START Records to process

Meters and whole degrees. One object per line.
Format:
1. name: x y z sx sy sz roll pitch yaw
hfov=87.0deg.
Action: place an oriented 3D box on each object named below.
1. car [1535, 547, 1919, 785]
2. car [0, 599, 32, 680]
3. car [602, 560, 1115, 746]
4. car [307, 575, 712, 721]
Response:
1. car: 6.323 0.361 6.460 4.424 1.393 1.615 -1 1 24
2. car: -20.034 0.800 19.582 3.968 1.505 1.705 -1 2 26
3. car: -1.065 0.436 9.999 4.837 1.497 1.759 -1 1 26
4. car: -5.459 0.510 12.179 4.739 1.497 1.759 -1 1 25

END Records to process
START Records to process

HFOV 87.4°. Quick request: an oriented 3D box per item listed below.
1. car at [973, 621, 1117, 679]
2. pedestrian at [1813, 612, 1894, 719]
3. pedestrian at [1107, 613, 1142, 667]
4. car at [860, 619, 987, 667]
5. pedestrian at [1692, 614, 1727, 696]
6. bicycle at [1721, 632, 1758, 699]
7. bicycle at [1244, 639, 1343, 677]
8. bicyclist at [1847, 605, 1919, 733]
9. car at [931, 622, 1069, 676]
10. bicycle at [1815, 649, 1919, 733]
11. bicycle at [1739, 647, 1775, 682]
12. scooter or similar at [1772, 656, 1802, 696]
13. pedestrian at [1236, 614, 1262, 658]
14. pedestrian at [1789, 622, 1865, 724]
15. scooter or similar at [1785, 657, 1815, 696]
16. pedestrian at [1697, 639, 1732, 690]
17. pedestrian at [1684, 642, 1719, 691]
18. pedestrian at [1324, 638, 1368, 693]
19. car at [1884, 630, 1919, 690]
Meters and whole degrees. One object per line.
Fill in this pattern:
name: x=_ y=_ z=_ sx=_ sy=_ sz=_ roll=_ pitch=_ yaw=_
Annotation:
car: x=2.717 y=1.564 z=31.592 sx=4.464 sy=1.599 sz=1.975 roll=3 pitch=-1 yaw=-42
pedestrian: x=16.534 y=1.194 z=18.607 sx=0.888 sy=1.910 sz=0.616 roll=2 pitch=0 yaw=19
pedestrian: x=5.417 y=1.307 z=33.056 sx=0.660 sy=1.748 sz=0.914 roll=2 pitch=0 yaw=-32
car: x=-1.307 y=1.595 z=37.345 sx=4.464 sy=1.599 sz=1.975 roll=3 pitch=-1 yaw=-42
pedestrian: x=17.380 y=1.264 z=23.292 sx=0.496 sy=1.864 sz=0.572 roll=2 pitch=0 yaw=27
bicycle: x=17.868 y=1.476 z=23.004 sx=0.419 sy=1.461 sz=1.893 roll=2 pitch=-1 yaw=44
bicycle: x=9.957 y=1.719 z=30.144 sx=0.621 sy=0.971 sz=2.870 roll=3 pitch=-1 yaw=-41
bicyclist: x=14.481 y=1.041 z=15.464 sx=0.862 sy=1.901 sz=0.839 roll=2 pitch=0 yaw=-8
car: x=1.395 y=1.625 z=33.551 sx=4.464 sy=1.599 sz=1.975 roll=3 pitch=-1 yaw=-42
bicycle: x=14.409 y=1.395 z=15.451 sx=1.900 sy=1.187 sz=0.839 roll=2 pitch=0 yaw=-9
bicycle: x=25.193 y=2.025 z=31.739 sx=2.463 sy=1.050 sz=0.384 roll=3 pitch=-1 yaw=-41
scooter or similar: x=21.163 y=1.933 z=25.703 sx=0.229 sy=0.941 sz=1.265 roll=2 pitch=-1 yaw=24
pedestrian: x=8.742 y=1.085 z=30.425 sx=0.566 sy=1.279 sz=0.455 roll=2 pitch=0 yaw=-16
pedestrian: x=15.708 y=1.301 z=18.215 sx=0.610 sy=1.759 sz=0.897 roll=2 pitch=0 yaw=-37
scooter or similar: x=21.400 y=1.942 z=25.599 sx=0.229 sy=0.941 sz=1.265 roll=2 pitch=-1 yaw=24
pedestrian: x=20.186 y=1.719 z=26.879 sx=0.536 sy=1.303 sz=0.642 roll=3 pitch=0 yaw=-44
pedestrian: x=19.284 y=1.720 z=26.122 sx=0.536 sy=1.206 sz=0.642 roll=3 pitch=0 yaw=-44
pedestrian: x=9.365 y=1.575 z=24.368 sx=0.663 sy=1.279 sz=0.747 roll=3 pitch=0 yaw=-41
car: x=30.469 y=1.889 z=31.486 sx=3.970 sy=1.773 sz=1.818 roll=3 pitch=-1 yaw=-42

END Records to process

> Work item
Print exactly the lines above from the one with "6. bicycle at [1721, 632, 1758, 699]" to the one with "13. pedestrian at [1236, 614, 1262, 658]", including both.

> Expected answer
6. bicycle at [1721, 632, 1758, 699]
7. bicycle at [1244, 639, 1343, 677]
8. bicyclist at [1847, 605, 1919, 733]
9. car at [931, 622, 1069, 676]
10. bicycle at [1815, 649, 1919, 733]
11. bicycle at [1739, 647, 1775, 682]
12. scooter or similar at [1772, 656, 1802, 696]
13. pedestrian at [1236, 614, 1262, 658]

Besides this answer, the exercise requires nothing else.